# [What the exercise asks]
Write out each record exactly as it stands. No pictures belong in the copy.
----------
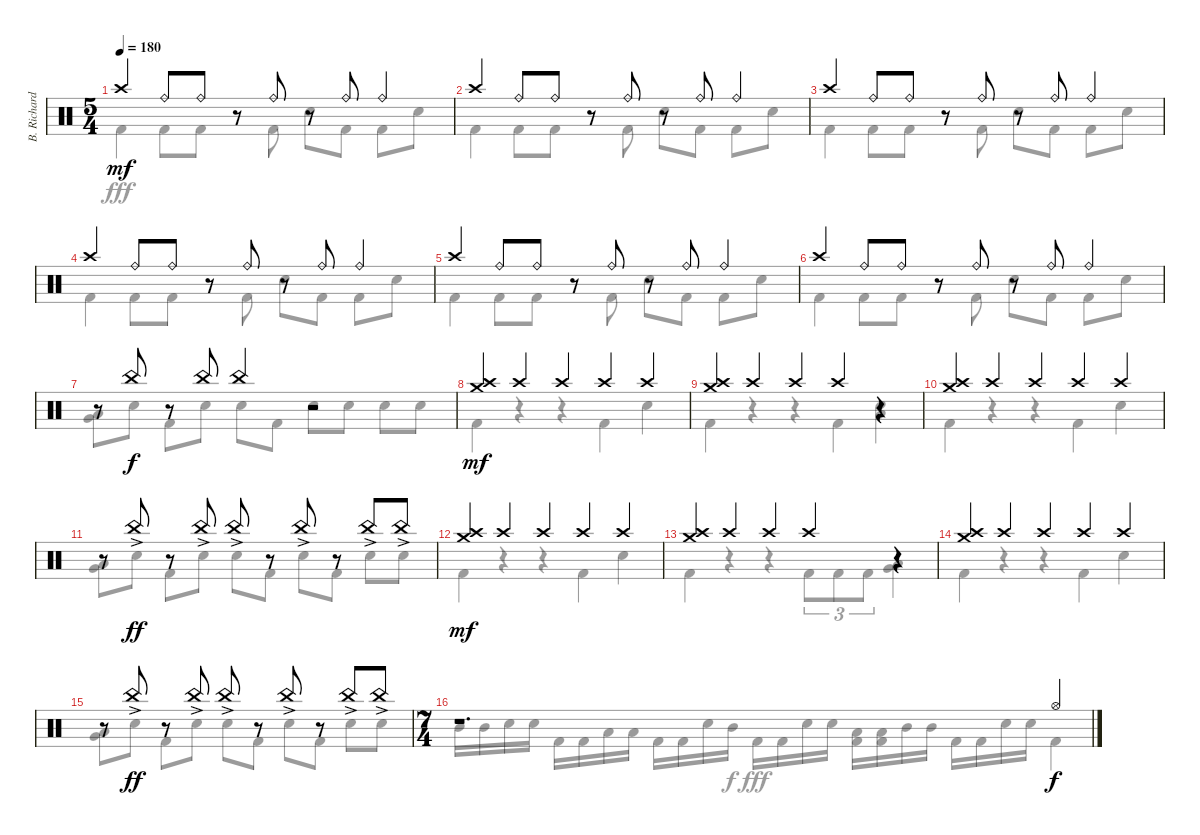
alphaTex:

\track ("B. Richardson Drums" "B. Richard") {instrument percussion}
\staff {score}
\articulation defaults
\voice
\ts (5 4)
\tempo 180
\clef neutral
\ks c "Crash high (hit)".4{dy mf} "Ride (bell)".8 "Ride (bell)".8
r.8 "Ride (bell)".8 r.8 "Ride (bell)".8 "Ride (bell)".4 |
"Crash high (hit)".4 "Ride (bell)".8 "Ride (bell)".8 r.8 "Ride (bell)".8 r.8 "Ride (bell)".8 "Ride (bell)".4 |
"Crash high (hit)".4 "Ride (bell)".8 "Ride (bell)".8 r.8 "Ride (bell)".8 r.8 "Ride (bell)".8 "Ride (bell)".4 |
"Crash high (hit)".4 "Ride (bell)".8 "Ride (bell)".8 r.8 "Ride (bell)".8 r.8 "Ride (bell)".8 "Ride (bell)".4 |
"Crash high (hit)".4 "Ride (bell)".8 "Ride (bell)".8 r.8 "Ride (bell)".8 r.8 "Ride (bell)".8 "Ride (bell)".4 |
"Crash high (hit)".4 "Ride (bell)".8 "Ride (bell)".8 r.8 "Ride (bell)".8 r.8 "Ride (bell)".8 "Ride (bell)".4 |
r.8 "China (hit)".8{dy f} r.8 "China (hit)".8 "China (hit)".4 r.2 |
("Crash high (hit)" "Crash medium (hit)").4{dy mf} "Crash high (hit)".4 "Crash high (hit)".4 "Crash high (hit)".4 "Crash high (hit)".4 |
("Crash high (hit)" "Crash medium (hit)").4 "Crash high (hit)".4 "Crash high (hit)".4 "Crash high (hit)".4 r.4 |
("Crash high (hit)" "Crash medium (hit)").4 "Crash high (hit)".4 "Crash high (hit)".4 "Crash high (hit)".4 "Crash high (hit)".4 |
r.8 "China (hit)"{ac}.8{dy ff} r.8 "China (hit)"{ac}.8 "China (hit)"{ac}.8 r.8 "China (hit)"{ac}.8 r.8 "China (hit)"{ac}.8 "China (hit)"{ac}.8 |
("Crash high (hit)" "Crash medium (hit)").4{dy mf} "Crash high (hit)".4 "Crash high (hit)".4 "Crash high (hit)".4 "Crash high (hit)".4 |
("Crash high (hit)" "Crash medium (hit)").4 "Crash high (hit)".4 "Crash high (hit)".4 "Crash high (hit)".4 r.4 |
("Crash high (hit)" "Crash medium (hit)").4 "Crash high (hit)".4 "Crash high (hit)".4 "Crash high (hit)".4 "Crash high (hit)".4 |
r.8 "China (hit)"{ac}.8{dy ff} r.8 "China (hit)"{ac}.8 "China (hit)"{ac}.8 r.8 "China (hit)"{ac}.8 r.8 "China (hit)"{ac}.8 "China (hit)"{ac}.8 |
\ts (7 4)
r.1{d} "Hi-Hat (open)".4{dy f}
\voice
\clef neutral
\ottava regular
\simile none
\ks c "Kick (hit) 2".4{dy fff} "Kick (hit) 2".8 "Kick (hit) 2".8
r.8 "Kick (hit) 2".8 "Electric Snare (hit)".8 "Kick (hit) 2".8 "Kick (hit) 2".8 "Electric Snare (hit)".8 |
"Kick (hit) 2".4 "Kick (hit) 2".8 "Kick (hit) 2".8 r.8 "Kick (hit) 2".8 "Electric Snare (hit)".8 "Kick (hit) 2".8 "Kick (hit) 2".8 "Electric Snare (hit)".8 |
"Kick (hit) 2".4 "Kick (hit) 2".8 "Kick (hit) 2".8 r.8 "Kick (hit) 2".8 "Electric Snare (hit)".8 "Kick (hit) 2".8 "Kick (hit) 2".8 "Electric Snare (hit)".8 |
"Kick (hit) 2".4 "Kick (hit) 2".8 "Kick (hit) 2".8 r.8 "Kick (hit) 2".8 "Electric Snare (hit)".8 "Kick (hit) 2".8 "Kick (hit) 2".8 "Electric Snare (hit)".8 |
"Kick (hit) 2".4 "Kick (hit) 2".8 "Kick (hit) 2".8 r.8 "Kick (hit) 2".8 "Electric Snare (hit)".8 "Kick (hit) 2".8 "Kick (hit) 2".8 "Electric Snare (hit)".8 |
"Kick (hit) 2".4 "Kick (hit) 2".8 "Kick (hit) 2".8 r.8 "Kick (hit) 2".8 "Electric Snare (hit)".8 "Kick (hit) 2".8 "Kick (hit) 2".8 "Electric Snare (hit)".8 |
("Low Tom (hit)" "Very Low Tom (hit)").8 "Electric Snare (hit)".8 "Kick (hit) 2".8 "Electric Snare (hit)".8 "Electric Snare (hit)".8 "Kick (hit) 2".8 "Electric Snare (hit)".8 "Electric Snare (hit)".8 "Electric Snare (hit)".8 "Electric Snare (hit)".8 |
"Kick (hit) 2".4 r.4 r.4 "Kick (hit) 2".4 "Electric Snare (hit)".4 |
"Kick (hit) 2".4 r.4 r.4 "Kick (hit) 2".4 ("Electric Snare (hit)" "Low Tom (hit)").4 |
"Kick (hit) 2".4 r.4 r.4 "Kick (hit) 2".4 "Electric Snare (hit)".4 |
("Low Tom (hit)" "Very Low Tom (hit)").8 "Electric Snare (hit)".8 "Kick (hit) 2".8 "Electric Snare (hit)".8 "Electric Snare (hit)".8 "Kick (hit) 2".8 "Electric Snare (hit)".8 "Kick (hit) 2".8 "Electric Snare (hit)".8 "Electric Snare (hit)".8 |
"Kick (hit) 2".4 r.4 r.4 "Kick (hit) 2".4 "Electric Snare (hit)".4 |
"Kick (hit) 2".4 r.4 r.4 "Kick (hit) 2".8{tu (3 2)} "Kick (hit) 2".8{tu (3 2)} "Kick (hit) 2".8{tu (3 2)} ("Low Tom (hit)" "Very Low Tom (hit)").4 |
"Kick (hit) 2".4 r.4 r.4 "Kick (hit) 2".4 "Electric Snare (hit)".4 |
("Low Tom (hit)" "Very Low Tom (hit)").8 "Electric Snare (hit)".8 "Kick (hit) 2".8 "Electric Snare (hit)".8 "Electric Snare (hit)".8 "Kick (hit) 2".8 "Electric Snare (hit)".8 "Kick (hit) 2".8 "Electric Snare (hit)".8 "Electric Snare (hit)".8 |
"Mid Tom (hit)".16 "Mid Tom (hit)".16 "Electric Snare (hit)".16 "Electric Snare (hit)".16 "Kick (hit) 2".16 "Kick (hit) 2".16 "Low Tom (hit)".16 "Low Tom (hit)".16 "Kick (hit) 2".16 "Kick (hit) 2".16 "Electric Snare (hit)".16 "Mid Tom (hit)".16{dy f} "Kick (hit) 2".16{dy fff} "Kick (hit) 2".16 "Electric Snare (hit)".16 "Electric Snare (hit)".16 ("Low Tom (hit)" "Kick (hit) 2").16 ("Low Tom (hit)" "Kick (hit) 2").16 "Mid Tom (hit)".16 "Mid Tom (hit)".16 "Kick (hit) 2".16 "Kick (hit) 2".16 "Electric Snare (hit)".16 "Electric Snare (hit)".16 "Kick (hit) 2".4
----------
# [Response]
alphaTex:

\track ("B. Richardson Drums" "B. Richard") {instrument percussion}
\staff {score}
\articulation defaults
\voice
\ts (5 4)
\tempo 180
\clef neutral
\ks c "Crash high (hit)".4{dy mf} "Ride (bell)".8 "Ride (bell)".8
r.8 "Ride (bell)".8 r.8 "Ride (bell)".8 "Ride (bell)".4 |
"Crash high (hit)".4 "Ride (bell)".8 "Ride (bell)".8 r.8 "Ride (bell)".8 r.8 "Ride (bell)".8 "Ride (bell)".4 |
"Crash high (hit)".4 "Ride (bell)".8 "Ride (bell)".8 r.8 "Ride (bell)".8 r.8 "Ride (bell)".8 "Ride (bell)".4 |
"Crash high (hit)".4 "Ride (bell)".8 "Ride (bell)".8 r.8 "Ride (bell)".8 r.8 "Ride (bell)".8 "Ride (bell)".4 |
"Crash high (hit)".4 "Ride (bell)".8 "Ride (bell)".8 r.8 "Ride (bell)".8 r.8 "Ride (bell)".8 "Ride (bell)".4 |
"Crash high (hit)".4 "Ride (bell)".8 "Ride (bell)".8 r.8 "Ride (bell)".8 r.8 "Ride (bell)".8 "Ride (bell)".4 |
r.8 "China (hit)".8{dy f} r.8 "China (hit)".8 "China (hit)".4 r.2 |
("Crash high (hit)" "Crash medium (hit)").4{dy mf} "Crash high (hit)".4 "Crash high (hit)".4 "Crash high (hit)".4 "Crash high (hit)".4 |
("Crash high (hit)" "Crash medium (hit)").4 "Crash high (hit)".4 "Crash high (hit)".4 "Crash high (hit)".4 r.4 |
("Crash high (hit)" "Crash medium (hit)").4 "Crash high (hit)".4 "Crash high (hit)".4 "Crash high (hit)".4 "Crash high (hit)".4 |
r.8 "China (hit)"{ac}.8{dy ff} r.8 "China (hit)"{ac}.8 "China (hit)"{ac}.8 r.8 "China (hit)"{ac}.8 r.8 "China (hit)"{ac}.8 "China (hit)"{ac}.8 |
("Crash high (hit)" "Crash medium (hit)").4{dy mf} "Crash high (hit)".4 "Crash high (hit)".4 "Crash high (hit)".4 "Crash high (hit)".4 |
("Crash high (hit)" "Crash medium (hit)").4 "Crash high (hit)".4 "Crash high (hit)".4 "Crash high (hit)".4 r.4 |
("Crash high (hit)" "Crash medium (hit)").4 "Crash high (hit)".4 "Crash high (hit)".4 "Crash high (hit)".4 "Crash high (hit)".4 |
r.8 "China (hit)"{ac}.8{dy ff} r.8 "China (hit)"{ac}.8 "China (hit)"{ac}.8 r.8 "China (hit)"{ac}.8 r.8 "China (hit)"{ac}.8 "China (hit)"{ac}.8 |
\ts (7 4)
r.1{d} "Hi-Hat (open)".4{dy f}
\voice
\clef neutral
\ottava regular
\simile none
\ks c "Kick (hit) 2".4{dy fff} "Kick (hit) 2".8 "Kick (hit) 2".8
r.8 "Kick (hit) 2".8 "Electric Snare (hit)".8 "Kick (hit) 2".8 "Kick (hit) 2".8 "Electric Snare (hit)".8 |
"Kick (hit) 2".4 "Kick (hit) 2".8 "Kick (hit) 2".8 r.8 "Kick (hit) 2".8 "Electric Snare (hit)".8 "Kick (hit) 2".8 "Kick (hit) 2".8 "Electric Snare (hit)".8 |
"Kick (hit) 2".4 "Kick (hit) 2".8 "Kick (hit) 2".8 r.8 "Kick (hit) 2".8 "Electric Snare (hit)".8 "Kick (hit) 2".8 "Kick (hit) 2".8 "Electric Snare (hit)".8 |
"Kick (hit) 2".4 "Kick (hit) 2".8 "Kick (hit) 2".8 r.8 "Kick (hit) 2".8 "Electric Snare (hit)".8 "Kick (hit) 2".8 "Kick (hit) 2".8 "Electric Snare (hit)".8 |
"Kick (hit) 2".4 "Kick (hit) 2".8 "Kick (hit) 2".8 r.8 "Kick (hit) 2".8 "Electric Snare (hit)".8 "Kick (hit) 2".8 "Kick (hit) 2".8 "Electric Snare (hit)".8 |
"Kick (hit) 2".4 "Kick (hit) 2".8 "Kick (hit) 2".8 r.8 "Kick (hit) 2".8 "Electric Snare (hit)".8 "Kick (hit) 2".8 "Kick (hit) 2".8 "Electric Snare (hit)".8 |
("Low Tom (hit)" "Very Low Tom (hit)").8 "Electric Snare (hit)".8 "Kick (hit) 2".8 "Electric Snare (hit)".8 "Electric Snare (hit)".8 "Kick (hit) 2".8 "Electric Snare (hit)".8 "Electric Snare (hit)".8 "Electric Snare (hit)".8 "Electric Snare (hit)".8 |
"Kick (hit) 2".4 r.4 r.4 "Kick (hit) 2".4 "Electric Snare (hit)".4 |
"Kick (hit) 2".4 r.4 r.4 "Kick (hit) 2".4 ("Electric Snare (hit)" "Low Tom (hit)").4 |
"Kick (hit) 2".4 r.4 r.4 "Kick (hit) 2".4 "Electric Snare (hit)".4 |
("Low Tom (hit)" "Very Low Tom (hit)").8 "Electric Snare (hit)".8 "Kick (hit) 2".8 "Electric Snare (hit)".8 "Electric Snare (hit)".8 "Kick (hit) 2".8 "Electric Snare (hit)".8 "Kick (hit) 2".8 "Electric Snare (hit)".8 "Electric Snare (hit)".8 |
"Kick (hit) 2".4 r.4 r.4 "Kick (hit) 2".4 "Electric Snare (hit)".4 |
"Kick (hit) 2".4 r.4 r.4 "Kick (hit) 2".8{tu (3 2)} "Kick (hit) 2".8{tu (3 2)} "Kick (hit) 2".8{tu (3 2)} ("Low Tom (hit)" "Very Low Tom (hit)").4 |
"Kick (hit) 2".4 r.4 r.4 "Kick (hit) 2".4 "Electric Snare (hit)".4 |
("Low Tom (hit)" "Very Low Tom (hit)").8 "Electric Snare (hit)".8 "Kick (hit) 2".8 "Electric Snare (hit)".8 "Electric Snare (hit)".8 "Kick (hit) 2".8 "Electric Snare (hit)".8 "Kick (hit) 2".8 "Electric Snare (hit)".8 "Electric Snare (hit)".8 |
"Mid Tom (hit)".16 "Mid Tom (hit)".16 "Electric Snare (hit)".16 "Electric Snare (hit)".16 "Kick (hit) 2".16 "Kick (hit) 2".16 "Low Tom (hit)".16 "Low Tom (hit)".16 "Kick (hit) 2".16 "Kick (hit) 2".16 "Electric Snare (hit)".16 "Mid Tom (hit)".16{dy f} "Kick (hit) 2".16{dy fff} "Kick (hit) 2".16 "Electric Snare (hit)".16 "Electric Snare (hit)".16 ("Low Tom (hit)" "Kick (hit) 2").16 ("Low Tom (hit)" "Kick (hit) 2").16 "Mid Tom (hit)".16 "Mid Tom (hit)".16 "Kick (hit) 2".16 "Kick (hit) 2".16 "Electric Snare (hit)".16 "Electric Snare (hit)".16 "Kick (hit) 2".4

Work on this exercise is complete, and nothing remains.